• **Required work**
Every entry should be repeated exactly. Omit the pictures.
━━━━━ The data ━━━━━
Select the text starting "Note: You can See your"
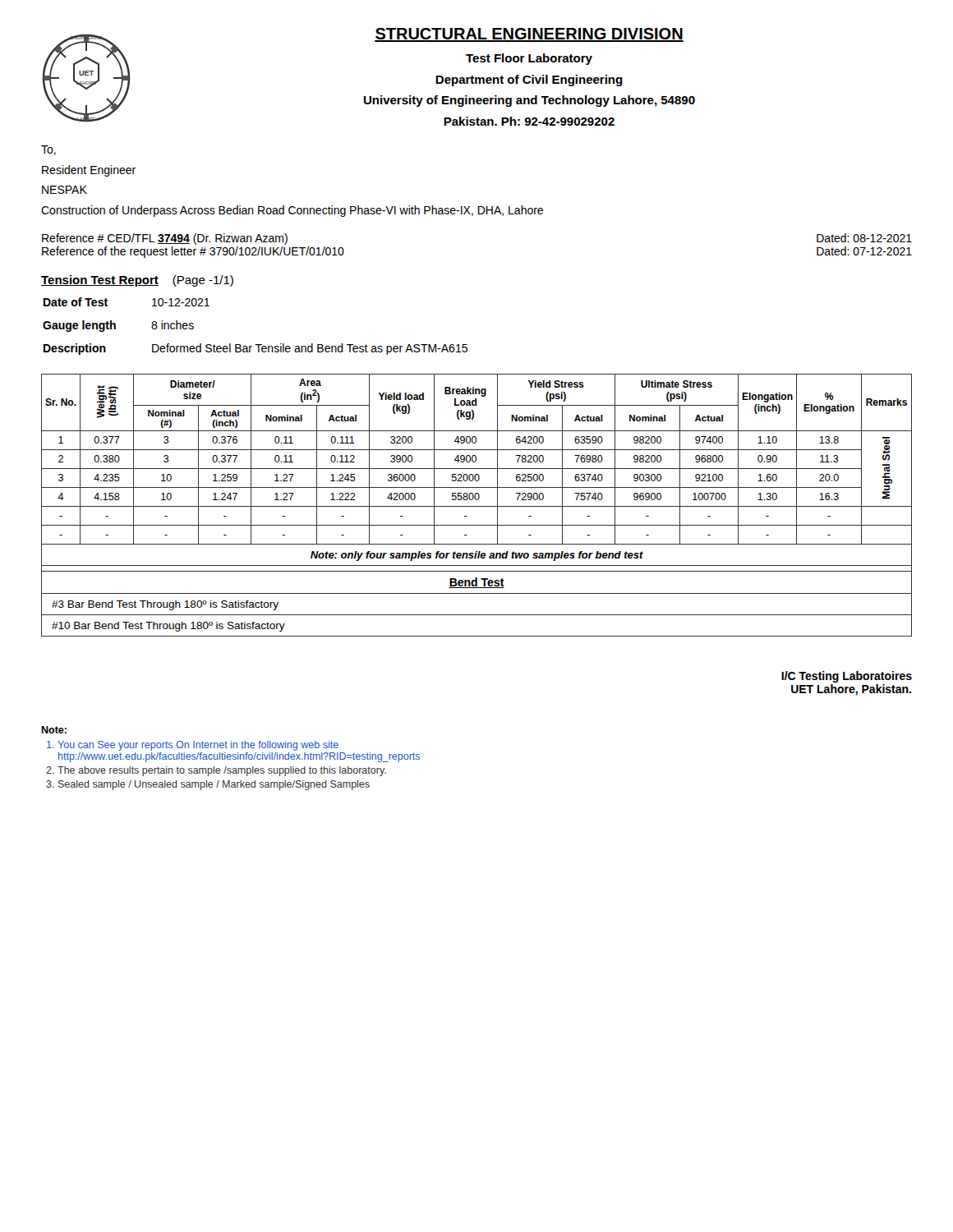 tap(54, 730)
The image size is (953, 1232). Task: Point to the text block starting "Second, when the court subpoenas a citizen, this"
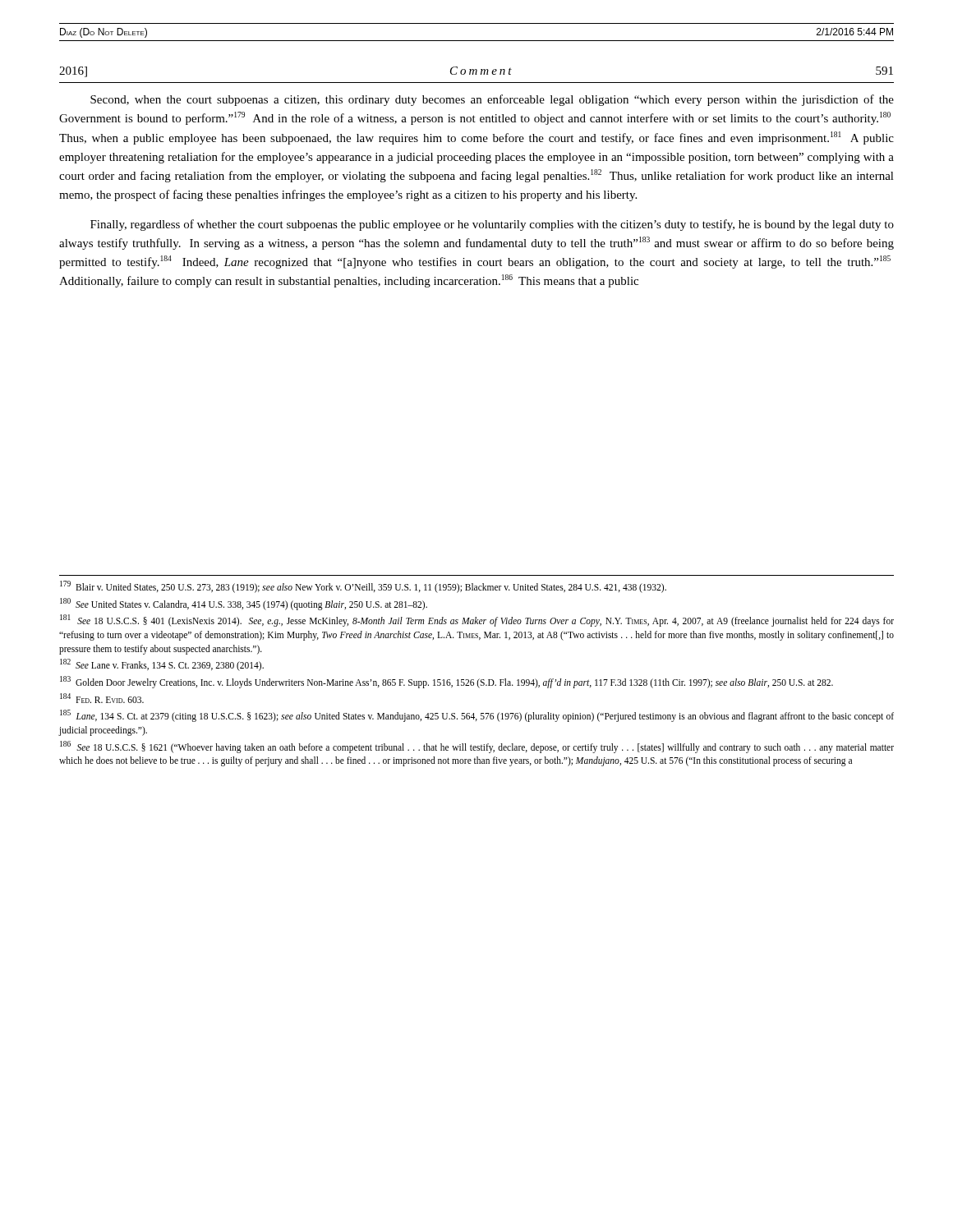pos(476,148)
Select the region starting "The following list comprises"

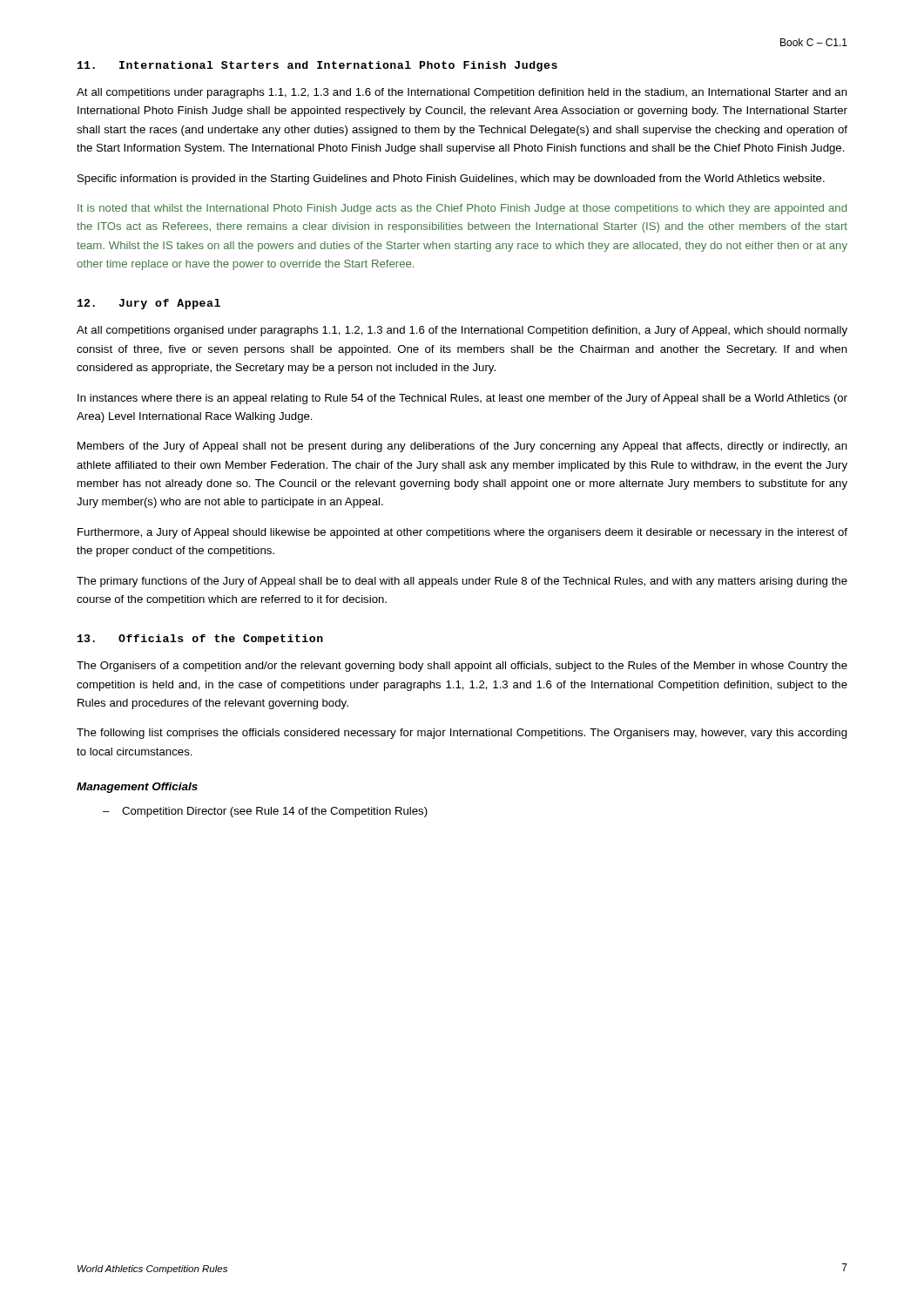tap(462, 742)
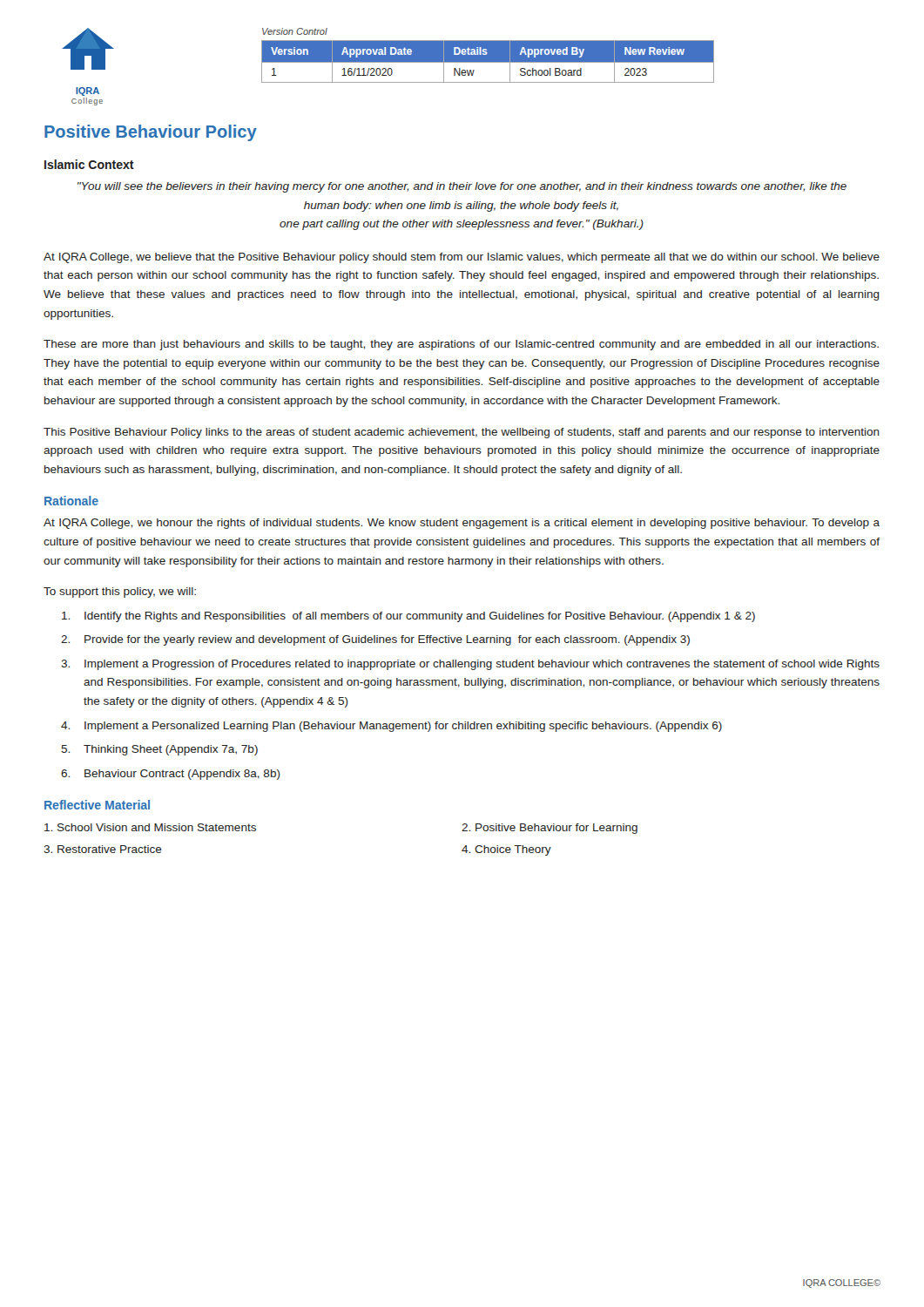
━━━━━
• **Written answer**
Select the text starting "Note: You can See your"
 tap(54, 730)
The image size is (953, 1232). Task: Point to the text block starting "Second, when the court subpoenas a citizen, this"
pos(476,148)
Select the region starting "The following list comprises"

tap(462, 742)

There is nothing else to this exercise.